Records to process START

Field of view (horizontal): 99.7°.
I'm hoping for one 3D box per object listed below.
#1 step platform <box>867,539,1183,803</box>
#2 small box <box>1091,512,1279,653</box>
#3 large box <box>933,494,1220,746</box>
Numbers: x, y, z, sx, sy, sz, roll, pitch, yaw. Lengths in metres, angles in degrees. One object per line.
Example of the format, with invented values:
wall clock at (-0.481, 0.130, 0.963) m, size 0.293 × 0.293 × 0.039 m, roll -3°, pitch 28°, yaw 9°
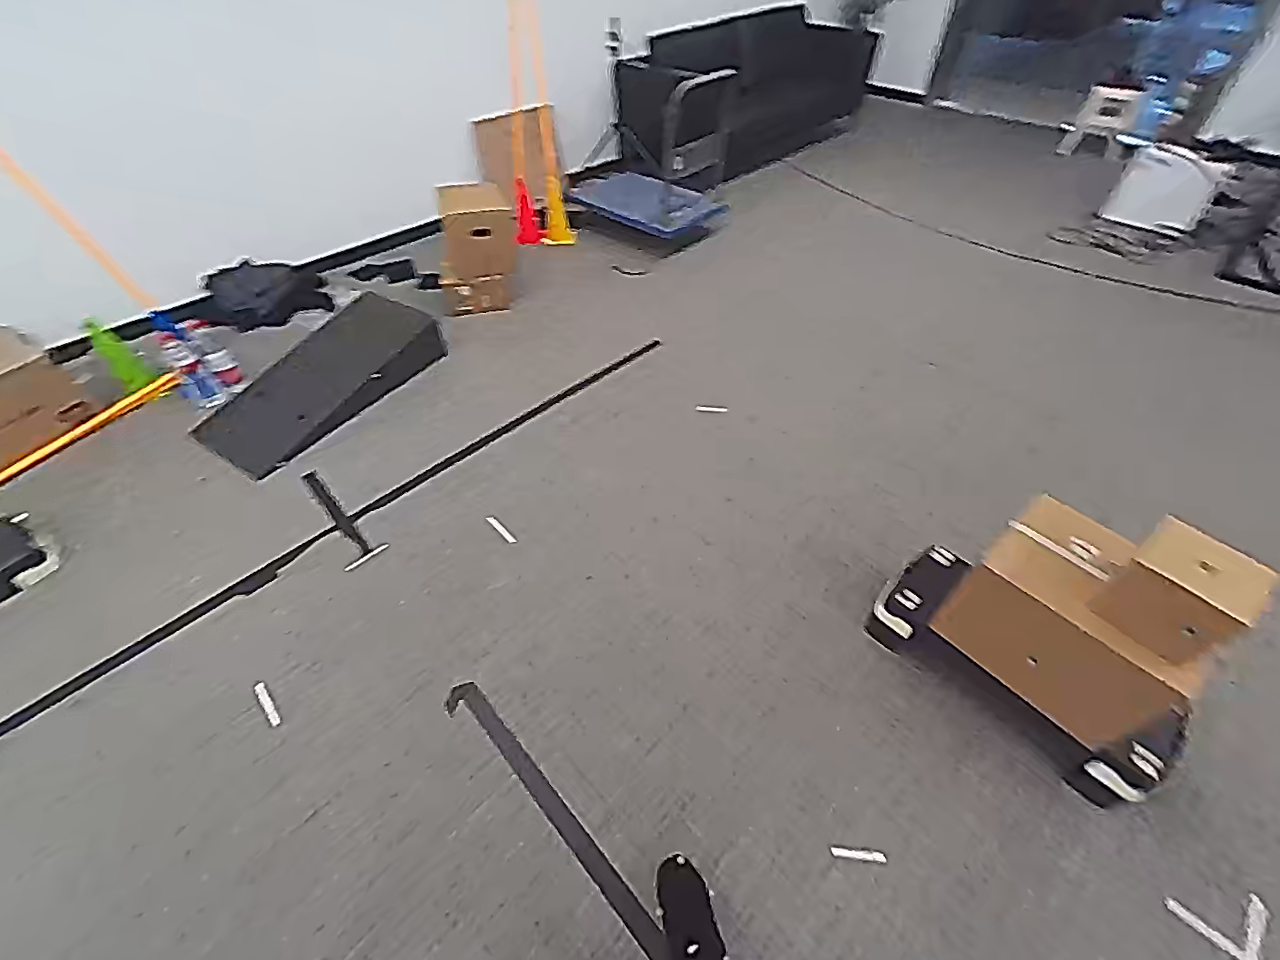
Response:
step platform at (0.976, 0.462, 1.438) m, size 0.286 × 0.204 × 0.684 m, roll -31°, pitch 53°, yaw -24°
small box at (1.022, 0.200, 1.020) m, size 0.168 × 0.176 × 0.179 m, roll -30°, pitch 53°, yaw -24°
large box at (0.991, 0.312, 1.251) m, size 0.320 × 0.320 × 0.408 m, roll -32°, pitch 53°, yaw -26°

Records to process END

Exercise >>
The expected answer is the lines from the one that has "I'm hoping for" to the end of the listing, transcribed exactly, with pictures left out and no other line added.

Response below >>
I'm hoping for one 3D box per object listed below.
#1 step platform <box>867,539,1183,803</box>
#2 small box <box>1091,512,1279,653</box>
#3 large box <box>933,494,1220,746</box>
Numbers: x, y, z, sx, sy, sz, roll, pitch, yaw. Lengths in metres, angles in degrees. One object per line.
Example of the format, with invented values:
wall clock at (-0.481, 0.130, 0.963) m, size 0.293 × 0.293 × 0.039 m, roll -3°, pitch 28°, yaw 9°
Response:
step platform at (0.976, 0.462, 1.438) m, size 0.286 × 0.204 × 0.684 m, roll -31°, pitch 53°, yaw -24°
small box at (1.022, 0.200, 1.020) m, size 0.168 × 0.176 × 0.179 m, roll -30°, pitch 53°, yaw -24°
large box at (0.991, 0.312, 1.251) m, size 0.320 × 0.320 × 0.408 m, roll -32°, pitch 53°, yaw -26°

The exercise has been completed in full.